### What you have to do
In the material below, print every line exactly and omit the pictures.

### Given records
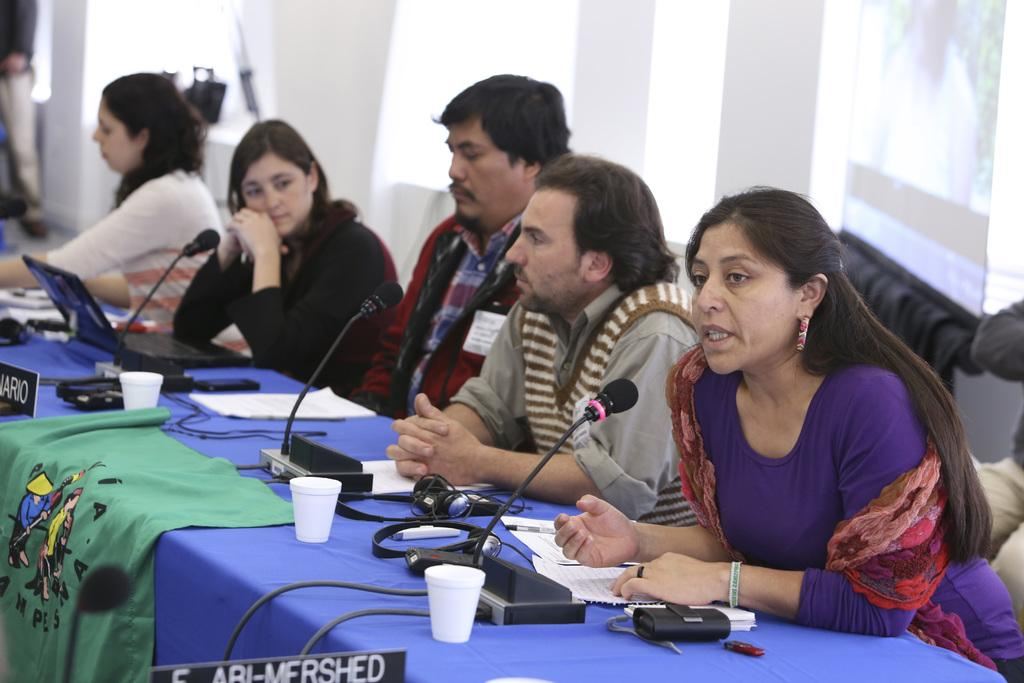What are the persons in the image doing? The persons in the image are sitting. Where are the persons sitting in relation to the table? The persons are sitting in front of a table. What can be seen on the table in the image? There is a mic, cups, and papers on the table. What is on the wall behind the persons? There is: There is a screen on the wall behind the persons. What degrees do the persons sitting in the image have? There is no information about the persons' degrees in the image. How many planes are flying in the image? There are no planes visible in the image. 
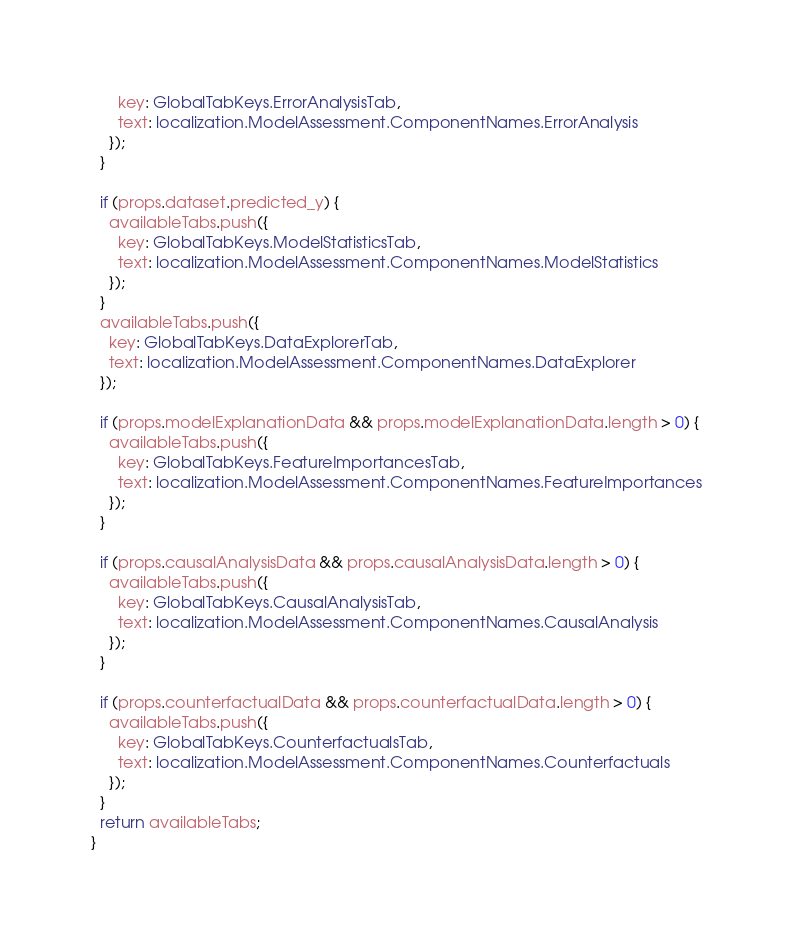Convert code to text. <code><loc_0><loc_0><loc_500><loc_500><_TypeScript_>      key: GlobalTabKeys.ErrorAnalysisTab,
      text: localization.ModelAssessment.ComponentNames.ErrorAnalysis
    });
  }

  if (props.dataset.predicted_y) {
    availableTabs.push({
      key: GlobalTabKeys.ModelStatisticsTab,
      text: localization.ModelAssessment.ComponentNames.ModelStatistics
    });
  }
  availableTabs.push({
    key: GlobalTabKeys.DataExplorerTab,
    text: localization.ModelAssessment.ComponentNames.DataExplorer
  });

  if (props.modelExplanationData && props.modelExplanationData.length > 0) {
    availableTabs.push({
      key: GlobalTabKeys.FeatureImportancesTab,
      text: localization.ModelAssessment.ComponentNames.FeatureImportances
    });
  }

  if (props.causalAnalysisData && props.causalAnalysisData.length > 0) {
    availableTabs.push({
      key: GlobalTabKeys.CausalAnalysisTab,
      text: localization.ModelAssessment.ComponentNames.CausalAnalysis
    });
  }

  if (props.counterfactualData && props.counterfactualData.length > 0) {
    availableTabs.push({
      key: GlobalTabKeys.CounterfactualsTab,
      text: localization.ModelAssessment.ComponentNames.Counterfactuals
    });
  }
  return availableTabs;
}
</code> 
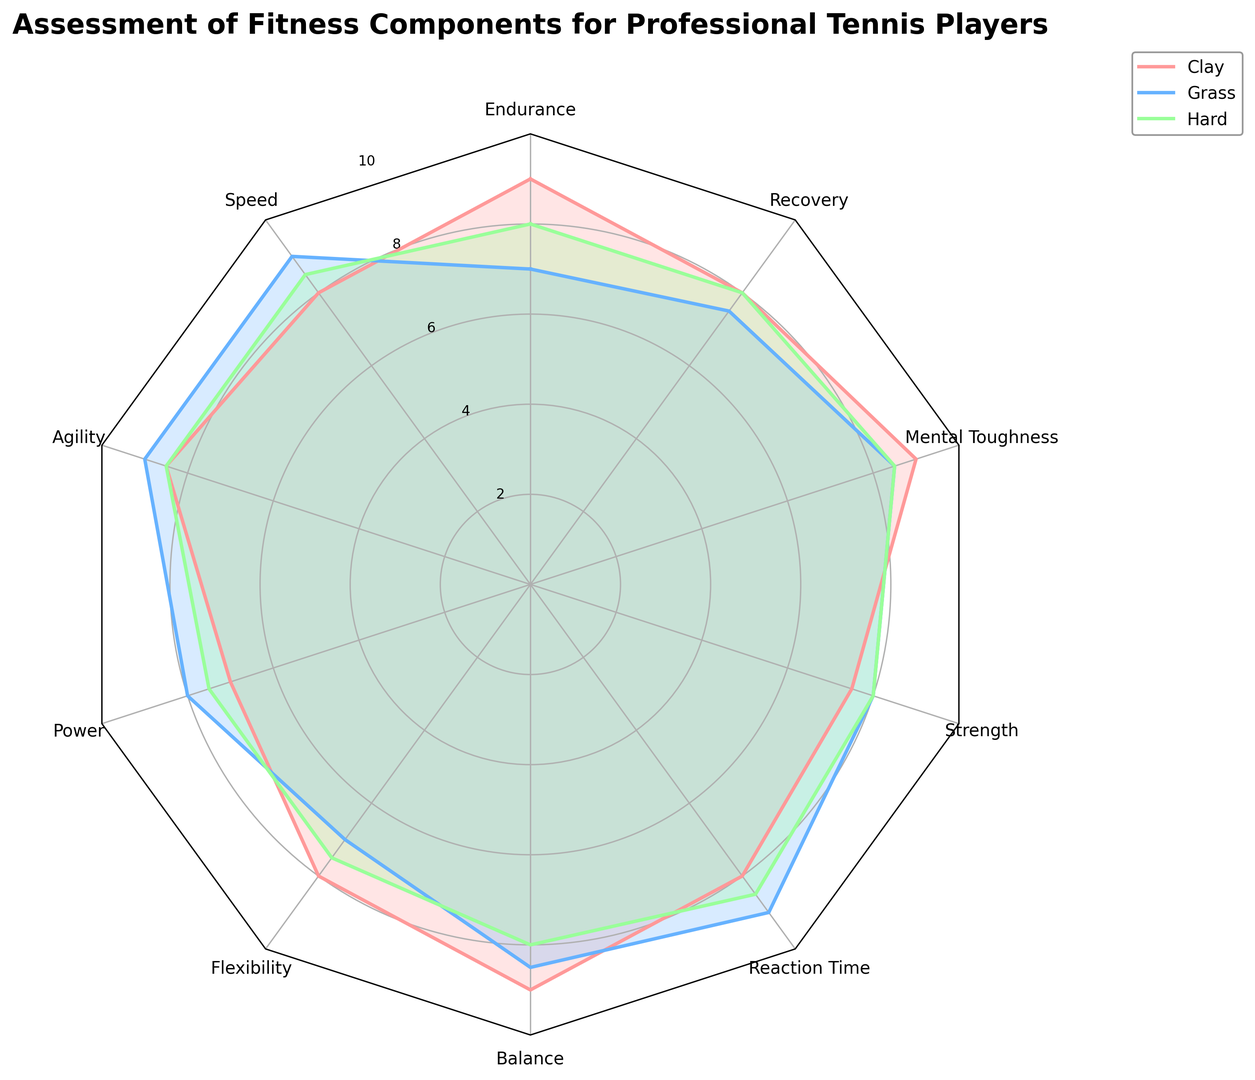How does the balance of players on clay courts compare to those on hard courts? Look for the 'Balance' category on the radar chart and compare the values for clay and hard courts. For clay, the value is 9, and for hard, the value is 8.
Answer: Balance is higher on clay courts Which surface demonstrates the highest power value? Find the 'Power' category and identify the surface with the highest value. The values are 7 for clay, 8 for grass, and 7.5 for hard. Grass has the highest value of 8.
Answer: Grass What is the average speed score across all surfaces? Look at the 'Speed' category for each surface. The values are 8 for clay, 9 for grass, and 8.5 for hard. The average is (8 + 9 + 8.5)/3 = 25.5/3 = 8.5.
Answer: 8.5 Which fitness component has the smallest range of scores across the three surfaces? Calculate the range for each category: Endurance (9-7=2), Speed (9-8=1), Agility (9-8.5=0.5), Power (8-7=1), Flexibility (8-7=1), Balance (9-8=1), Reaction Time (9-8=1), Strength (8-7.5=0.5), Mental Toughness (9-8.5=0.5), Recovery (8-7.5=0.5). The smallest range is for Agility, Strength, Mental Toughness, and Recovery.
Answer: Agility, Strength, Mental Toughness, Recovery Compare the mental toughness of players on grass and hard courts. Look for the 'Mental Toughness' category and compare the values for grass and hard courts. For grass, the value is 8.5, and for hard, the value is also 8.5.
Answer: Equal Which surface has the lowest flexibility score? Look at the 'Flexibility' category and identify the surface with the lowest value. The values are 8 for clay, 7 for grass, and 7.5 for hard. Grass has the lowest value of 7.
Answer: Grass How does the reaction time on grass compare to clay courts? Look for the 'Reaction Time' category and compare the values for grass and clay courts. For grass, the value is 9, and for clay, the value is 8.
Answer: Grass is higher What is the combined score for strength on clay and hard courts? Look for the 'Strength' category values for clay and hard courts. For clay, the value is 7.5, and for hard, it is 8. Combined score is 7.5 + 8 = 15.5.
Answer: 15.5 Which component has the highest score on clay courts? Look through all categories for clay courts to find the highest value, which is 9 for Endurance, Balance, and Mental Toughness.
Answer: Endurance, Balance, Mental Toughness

### Response to this exercise
What are the persons in the image doing? The persons in the image are sitting. Where are the persons sitting in relation to the table? The persons are sitting in front of a table. What can be seen on the table in the image? There is a mic, cups, and papers on the table. What is on the wall behind the persons? There is: There is a screen on the wall behind the persons. What degrees do the persons sitting in the image have? There is no information about the persons' degrees in the image. How many planes are flying in the image? There are no planes visible in the image. 
Convert code to text. <code><loc_0><loc_0><loc_500><loc_500><_TypeScript_>      key: GlobalTabKeys.ErrorAnalysisTab,
      text: localization.ModelAssessment.ComponentNames.ErrorAnalysis
    });
  }

  if (props.dataset.predicted_y) {
    availableTabs.push({
      key: GlobalTabKeys.ModelStatisticsTab,
      text: localization.ModelAssessment.ComponentNames.ModelStatistics
    });
  }
  availableTabs.push({
    key: GlobalTabKeys.DataExplorerTab,
    text: localization.ModelAssessment.ComponentNames.DataExplorer
  });

  if (props.modelExplanationData && props.modelExplanationData.length > 0) {
    availableTabs.push({
      key: GlobalTabKeys.FeatureImportancesTab,
      text: localization.ModelAssessment.ComponentNames.FeatureImportances
    });
  }

  if (props.causalAnalysisData && props.causalAnalysisData.length > 0) {
    availableTabs.push({
      key: GlobalTabKeys.CausalAnalysisTab,
      text: localization.ModelAssessment.ComponentNames.CausalAnalysis
    });
  }

  if (props.counterfactualData && props.counterfactualData.length > 0) {
    availableTabs.push({
      key: GlobalTabKeys.CounterfactualsTab,
      text: localization.ModelAssessment.ComponentNames.Counterfactuals
    });
  }
  return availableTabs;
}
</code> 
How does the balance of players on clay courts compare to those on hard courts? Look for the 'Balance' category on the radar chart and compare the values for clay and hard courts. For clay, the value is 9, and for hard, the value is 8.
Answer: Balance is higher on clay courts Which surface demonstrates the highest power value? Find the 'Power' category and identify the surface with the highest value. The values are 7 for clay, 8 for grass, and 7.5 for hard. Grass has the highest value of 8.
Answer: Grass What is the average speed score across all surfaces? Look at the 'Speed' category for each surface. The values are 8 for clay, 9 for grass, and 8.5 for hard. The average is (8 + 9 + 8.5)/3 = 25.5/3 = 8.5.
Answer: 8.5 Which fitness component has the smallest range of scores across the three surfaces? Calculate the range for each category: Endurance (9-7=2), Speed (9-8=1), Agility (9-8.5=0.5), Power (8-7=1), Flexibility (8-7=1), Balance (9-8=1), Reaction Time (9-8=1), Strength (8-7.5=0.5), Mental Toughness (9-8.5=0.5), Recovery (8-7.5=0.5). The smallest range is for Agility, Strength, Mental Toughness, and Recovery.
Answer: Agility, Strength, Mental Toughness, Recovery Compare the mental toughness of players on grass and hard courts. Look for the 'Mental Toughness' category and compare the values for grass and hard courts. For grass, the value is 8.5, and for hard, the value is also 8.5.
Answer: Equal Which surface has the lowest flexibility score? Look at the 'Flexibility' category and identify the surface with the lowest value. The values are 8 for clay, 7 for grass, and 7.5 for hard. Grass has the lowest value of 7.
Answer: Grass How does the reaction time on grass compare to clay courts? Look for the 'Reaction Time' category and compare the values for grass and clay courts. For grass, the value is 9, and for clay, the value is 8.
Answer: Grass is higher What is the combined score for strength on clay and hard courts? Look for the 'Strength' category values for clay and hard courts. For clay, the value is 7.5, and for hard, it is 8. Combined score is 7.5 + 8 = 15.5.
Answer: 15.5 Which component has the highest score on clay courts? Look through all categories for clay courts to find the highest value, which is 9 for Endurance, Balance, and Mental Toughness.
Answer: Endurance, Balance, Mental Toughness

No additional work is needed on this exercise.